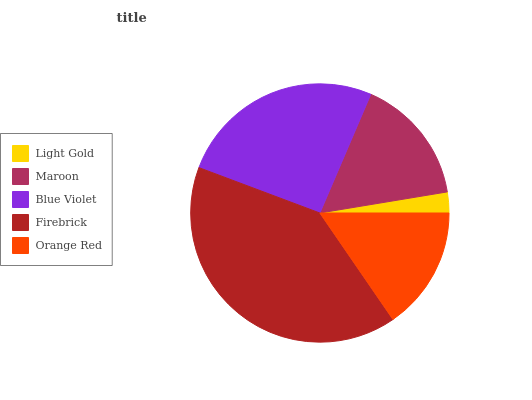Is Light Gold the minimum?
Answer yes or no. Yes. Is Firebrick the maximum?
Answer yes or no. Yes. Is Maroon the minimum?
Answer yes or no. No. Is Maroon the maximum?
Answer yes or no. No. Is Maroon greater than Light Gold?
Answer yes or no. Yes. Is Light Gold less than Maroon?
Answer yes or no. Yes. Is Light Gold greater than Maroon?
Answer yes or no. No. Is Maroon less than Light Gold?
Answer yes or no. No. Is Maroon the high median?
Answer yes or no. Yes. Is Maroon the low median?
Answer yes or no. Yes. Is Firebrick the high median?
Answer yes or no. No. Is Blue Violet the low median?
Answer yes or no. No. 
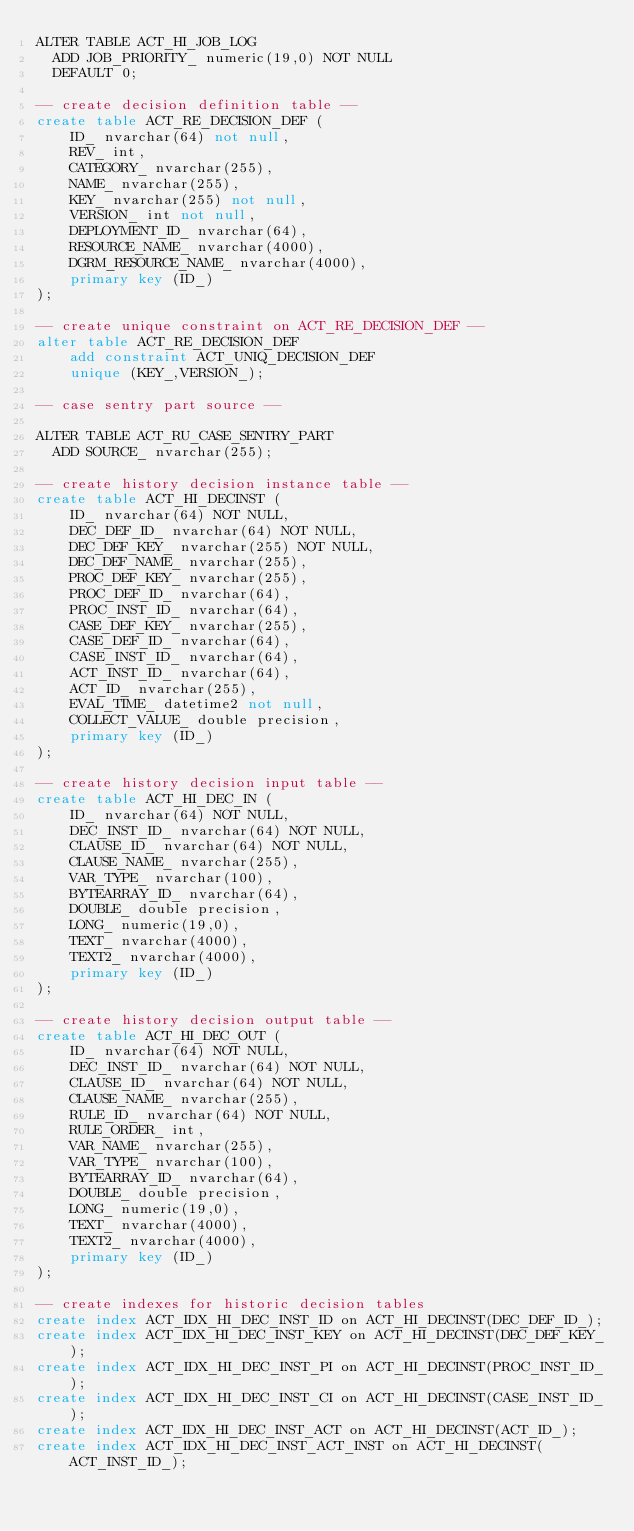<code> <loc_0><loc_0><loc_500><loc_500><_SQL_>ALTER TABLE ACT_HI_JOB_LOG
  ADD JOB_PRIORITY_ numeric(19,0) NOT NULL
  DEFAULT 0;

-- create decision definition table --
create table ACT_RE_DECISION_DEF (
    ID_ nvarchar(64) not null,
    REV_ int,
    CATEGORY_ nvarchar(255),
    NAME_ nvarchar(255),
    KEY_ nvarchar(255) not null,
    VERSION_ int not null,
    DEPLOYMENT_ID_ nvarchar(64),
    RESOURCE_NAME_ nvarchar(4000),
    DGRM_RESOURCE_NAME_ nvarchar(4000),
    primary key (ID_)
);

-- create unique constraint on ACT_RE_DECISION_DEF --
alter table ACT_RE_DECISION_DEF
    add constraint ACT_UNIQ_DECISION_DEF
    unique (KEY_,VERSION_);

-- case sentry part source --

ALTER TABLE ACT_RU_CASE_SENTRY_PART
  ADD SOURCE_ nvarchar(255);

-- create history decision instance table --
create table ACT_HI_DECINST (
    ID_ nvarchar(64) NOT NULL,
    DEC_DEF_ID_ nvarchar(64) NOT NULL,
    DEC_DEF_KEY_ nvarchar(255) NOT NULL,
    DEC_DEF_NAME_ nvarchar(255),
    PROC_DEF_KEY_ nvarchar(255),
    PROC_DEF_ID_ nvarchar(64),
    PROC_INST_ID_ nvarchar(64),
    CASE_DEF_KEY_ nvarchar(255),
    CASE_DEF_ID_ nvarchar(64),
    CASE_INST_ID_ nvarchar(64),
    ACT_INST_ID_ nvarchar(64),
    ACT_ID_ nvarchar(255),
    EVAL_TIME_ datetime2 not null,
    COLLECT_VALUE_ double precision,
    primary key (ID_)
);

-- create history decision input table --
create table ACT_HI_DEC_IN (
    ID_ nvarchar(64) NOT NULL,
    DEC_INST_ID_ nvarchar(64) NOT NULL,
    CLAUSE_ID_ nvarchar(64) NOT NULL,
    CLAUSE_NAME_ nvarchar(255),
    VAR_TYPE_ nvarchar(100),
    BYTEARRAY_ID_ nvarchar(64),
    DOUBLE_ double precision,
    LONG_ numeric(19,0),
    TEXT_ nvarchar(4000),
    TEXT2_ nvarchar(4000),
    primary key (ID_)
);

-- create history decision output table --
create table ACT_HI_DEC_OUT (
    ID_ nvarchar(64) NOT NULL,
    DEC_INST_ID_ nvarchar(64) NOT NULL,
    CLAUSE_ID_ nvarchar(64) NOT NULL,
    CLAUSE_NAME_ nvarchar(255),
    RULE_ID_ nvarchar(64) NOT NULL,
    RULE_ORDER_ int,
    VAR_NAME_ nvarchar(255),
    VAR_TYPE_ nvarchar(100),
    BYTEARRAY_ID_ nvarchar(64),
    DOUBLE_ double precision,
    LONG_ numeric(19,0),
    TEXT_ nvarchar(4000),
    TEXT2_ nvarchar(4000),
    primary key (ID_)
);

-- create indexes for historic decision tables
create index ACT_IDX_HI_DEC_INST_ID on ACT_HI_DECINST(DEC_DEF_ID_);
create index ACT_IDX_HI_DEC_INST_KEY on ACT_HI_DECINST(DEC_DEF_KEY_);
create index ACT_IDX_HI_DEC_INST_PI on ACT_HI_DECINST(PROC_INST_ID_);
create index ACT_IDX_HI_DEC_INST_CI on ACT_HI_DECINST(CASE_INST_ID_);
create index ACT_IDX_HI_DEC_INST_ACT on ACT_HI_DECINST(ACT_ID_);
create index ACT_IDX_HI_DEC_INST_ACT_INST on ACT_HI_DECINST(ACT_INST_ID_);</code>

# Task objective:
Copy only the lines in the listing that contain "greater".

# Written reply:
Answer yes or no. No. Is Maroon greater than Light Gold?
Answer yes or no. Yes. Is Light Gold greater than Maroon?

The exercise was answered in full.